At least 97,000 people have fled their homes and sheltered in two camps after gunmen massacred more than 200 residents last week in western Ethiopia's Benishangul-Gumuz region.
Some 50,000 of the displaced were being sheltered at a makeshift camp in Tana Beles district of Benishangul-Gumuz, while over 40,000 took shelter at a camp in the Awi zone of the Amhara region, the Amhara Mass Media Agency reported Tuesday, citing a statement from the Ministry of Peace.
Following the attacks, the Metekel zone has come under the direct command of the military until it returns to normal. Troops deployed to the area over the weekend said nearly 50 of the gunmen were neutralized while law enforcement measures were intensified, reported Anadolu Agency (AA).
Last week, gunmen carried out ethnic-based attacks in the Metekel zone, killing more than 207 civilians while they slept. They also set fire to many homes.
In recent months, the western region, which borders Sudan, where Ethiopia's $5 billion Grand Ethiopian Renaissance Dam on the Blue Nile is located, has seen several ethnically motivated massacres of Amharas, Oromos and Shinashas.

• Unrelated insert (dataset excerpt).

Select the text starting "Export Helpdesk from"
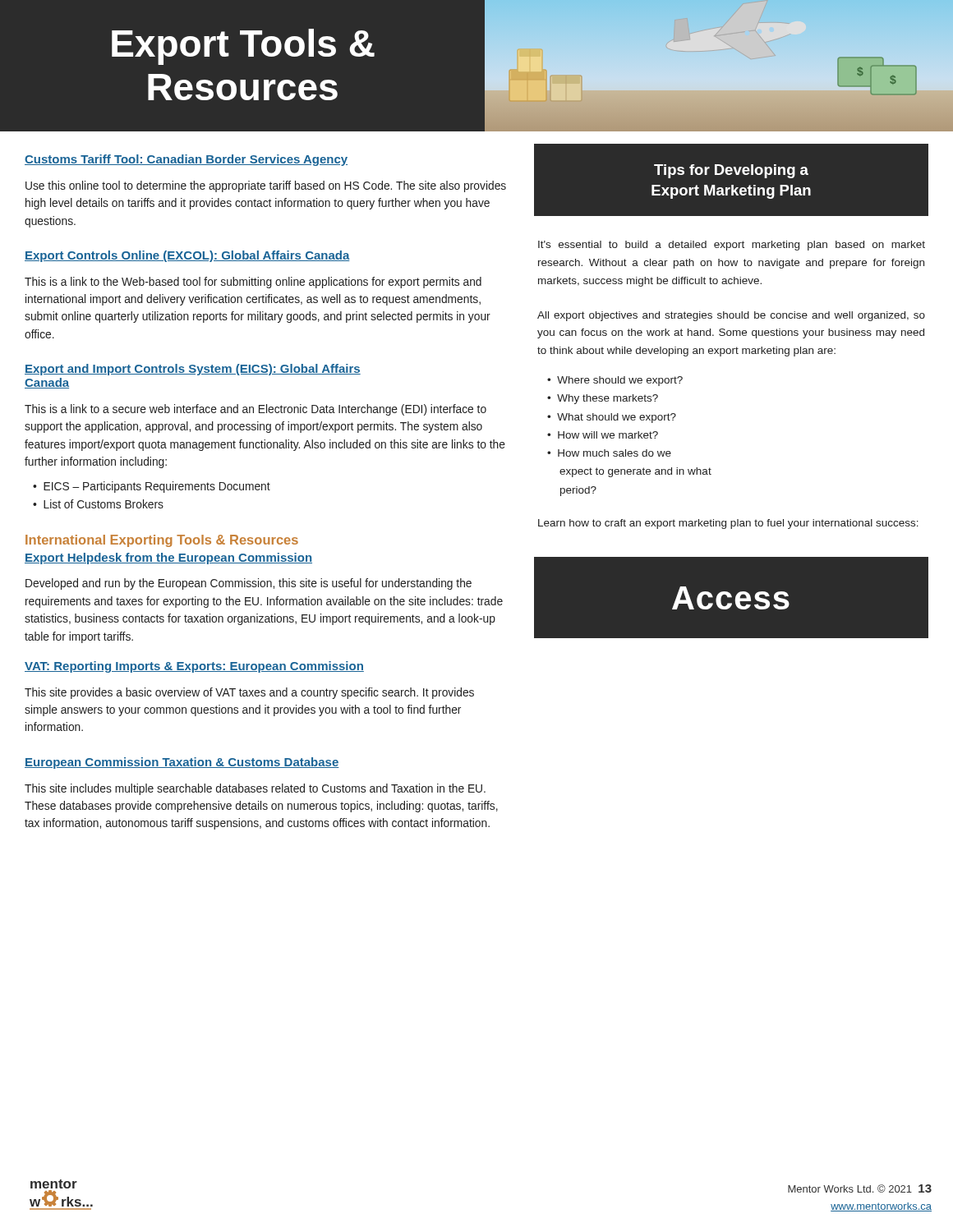The width and height of the screenshot is (953, 1232). coord(267,557)

Ethiopian Prime Minister Abiy Ahmed, who visited the area prior to the latest attack, warned of stern measures against the perpetrators. He wrote on his Twitter that "the government, to solve the root causes of the problem, has deployed a necessary force" in the region bordering Sudan. "The massacre of civilians in Benishangul-Gumuz region is very tragic," he added, according to Reuters.

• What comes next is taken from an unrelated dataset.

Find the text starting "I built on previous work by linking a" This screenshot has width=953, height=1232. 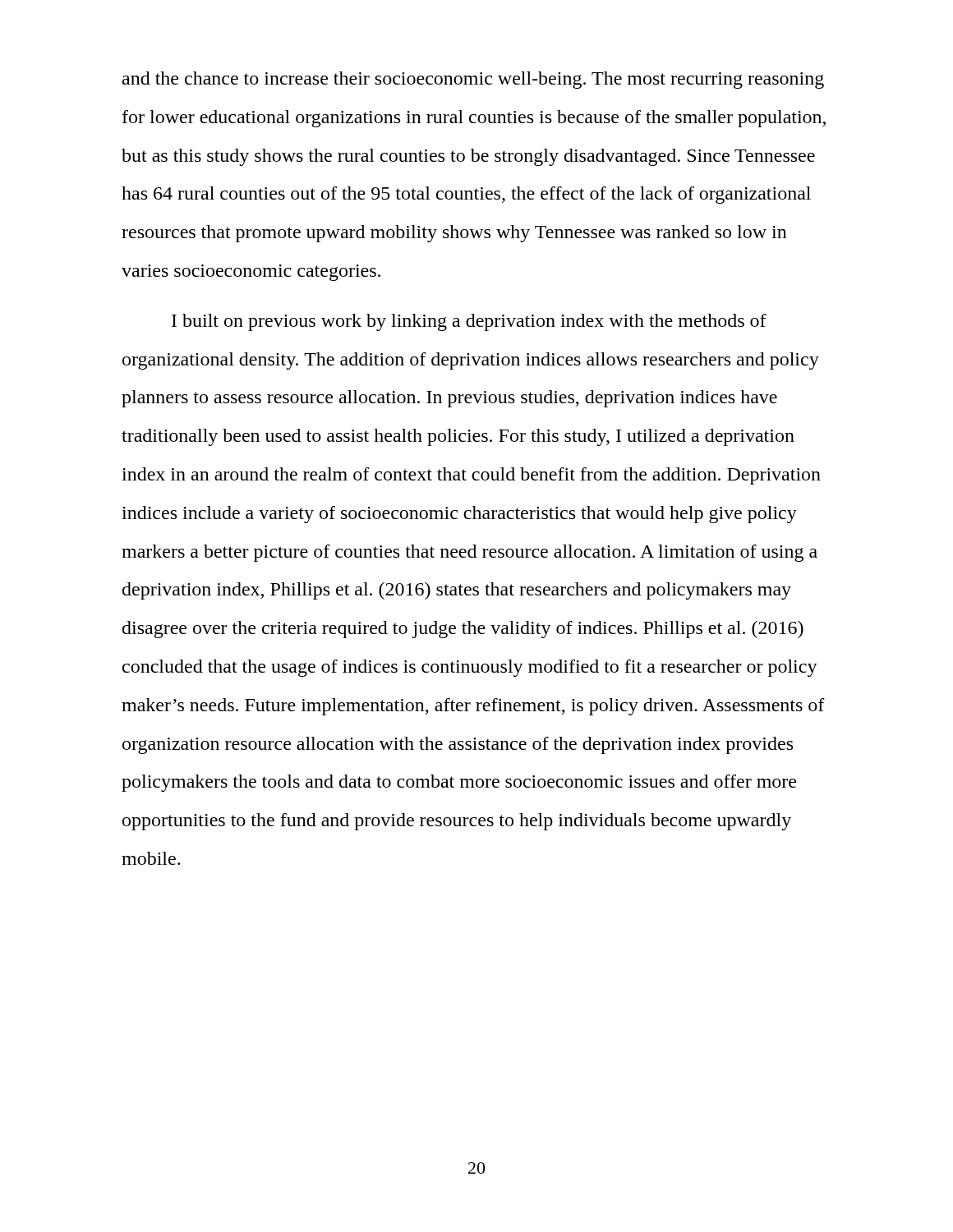[473, 589]

The EU's top diplomat, Josep Borrell, said in a statement on behalf of the bloc that reports of ethnic violence and other allegations of human rights violations should be investigated independently. The EU is closely following the crisis in Ethiopia and is concerned about the humanitarian situation, added Borrell, describing reports of the continued involvement of non-Ethiopian actors as worrying, according to the Deutsche Presse-Agentur (dpa).
In a separate part of the country, Ethiopia's military has been fighting rebels in the separate northern Tigray region for more than six weeks. The conflict was declared to have ended by Abiy in early December, though there are reports of pockets of ongoing fighting.
According to the U.N., some 2 million people in Tigray now need assistance – a doubling from the number before the fighting – and some 1 million people are displaced, including more than 45,000 Ethiopians who have fled into Sudan as refugees. The 96,000 Eritrean refugees are in an especially precarious position. They are in camps in Ethiopia near the border of their homeland, Eritrea, which they fled, and reports have emerged that some have been attacked or abducted.
The U.N. refugee chief has warned that, if true, any such actions "would be major violations of international norms." Eritrea has remained almost silent as the Tigray leaders accuse it of joining the conflict at Ethiopia's request, which Abiy's government has denied. Some 1,000 of the Eritrean refugees have arrived in the Tigray regional capital, Mekele, looking for food and other help, the International Committee of the Red Cross said earlier.
Ethiopia has been grappling with outbreaks of violence since Abiy was appointed in 2018 and accelerated democratic reforms that loosened the state's iron grip on regional rivalries.